Of course, it wasn't really about applying make-up and tonging our hair. It was about being together, gossiping and sharing confidences and amidst clouds of loose powder and Elnett hairspray. There's something particularly intimate about the process of transformation; few people see us 'half done', after all. I always love those old black and white photos of Hollywood stars captured in deep concentration in their dressing rooms.

Our dressing rooms were our teenage bedrooms, plastered with Paul Weller posters and heady with Lulu perfume. My friend Karen's duvet cover was made from the same fabric as her curtains, which struck me as particularly chic. No boys were around as we caked on Rimmel foundation, although we'd discuss them in forensic detail, of course. When my children were younger I often found we'd have our most relaxed and revealing conversations when I was driving them somewhere. There's something about being engaged in another activity - crawling through traffic, applying mascara - that's conducive to easy and honest discussions.

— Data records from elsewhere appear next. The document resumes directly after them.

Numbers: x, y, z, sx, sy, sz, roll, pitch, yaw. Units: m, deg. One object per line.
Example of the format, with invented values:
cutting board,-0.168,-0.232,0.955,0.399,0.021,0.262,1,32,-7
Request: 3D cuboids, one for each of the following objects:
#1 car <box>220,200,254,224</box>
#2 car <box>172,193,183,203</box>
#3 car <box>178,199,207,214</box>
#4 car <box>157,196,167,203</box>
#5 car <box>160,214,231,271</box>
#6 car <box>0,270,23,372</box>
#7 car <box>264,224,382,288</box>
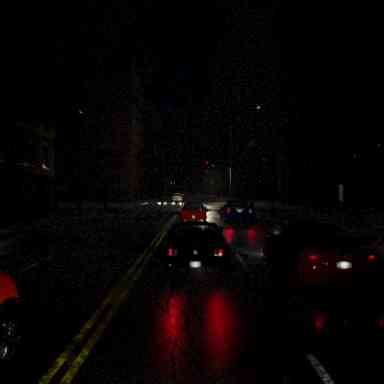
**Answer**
car,3.343,1.375,25.443,2.097,1.767,4.553,0,0,0
car,-3.269,1.307,73.854,2.150,2.045,5.566,0,0,0
car,0.095,1.498,24.397,1.882,1.535,5.008,0,0,0
car,-6.519,1.634,73.883,1.994,1.385,4.181,0,0,0
car,0.097,1.610,10.935,1.895,1.301,4.718,0,0,0
car,-3.352,1.354,2.613,2.097,1.767,4.553,0,0,0
car,3.347,1.573,9.322,1.994,1.385,4.181,0,0,0
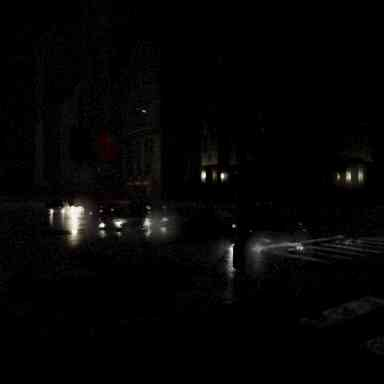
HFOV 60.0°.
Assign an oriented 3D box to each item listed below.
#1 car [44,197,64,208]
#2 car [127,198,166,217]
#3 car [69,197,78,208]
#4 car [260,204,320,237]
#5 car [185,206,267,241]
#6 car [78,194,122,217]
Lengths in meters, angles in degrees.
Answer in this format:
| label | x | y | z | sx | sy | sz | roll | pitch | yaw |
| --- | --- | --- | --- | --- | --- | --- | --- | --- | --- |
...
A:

Do I miss getting ready? Not especially, as it belongs to a time and a place that's long gone. It would seem as crazy as filling empty Soda Stream bottles with illicit booze to slug on the way to a party, and I hardly ever pull that stunt these days. It belongs to an era of getting dressed in something low-key, then throwing a carrier bag containing the 'real' outfit out of my bedroom window (to be retrieved and changed into in a phone box en route to the disco).

Getting ready these days takes about 15 minutes, even for a really posh do. I can hardly believe I'd once have spent ten times as long dolling myself up for a ropey old disco in a community hall. But they didn't seem ropey back then. I vividly remember the clothes we wore, the songs we danced to, and the elaborate plots we came up with in order to start conversations with boys. I remember Karen and I hitching a lift - I'd keel over from a heart attack if my daughter did that - to a disco in a neighbouring town.

So many things could go wrong with a night out. The boy you liked could get off with someone else, causing you to seek solace in too much Pernod and black. There were frequently fights in the loos and distraught friends to take care of. Worse still, that willing parent might have ignored instructions to wait around the corner, and parked right outside the venue for all to see. Putting your face on at a friend's house never involved such horrors. The getting ready part could never disappoint.

These days I'm the chauffeur and am used to tuning out as I transport a bunch of excitable teenagers home. I know better than to quiz them about how their evening was - because all they're going to say is, 'Fine.' But maybe it was merely fine, and getting ready was still the best part of the night.

Essential ingredients for getting ready: 

- Best friend(s)
- Music
- Parents/siblings well out of the way, out of earshot
- Cotton wool pads to mop off make-up mistakes
- Clear nail polish to glue snags in tights
- Cheap perfume
- Concealer
- Lipgloss
- A zillion accessories
- Hair tongs (I thought these had died out at around the time of fax machines but it would appear not!)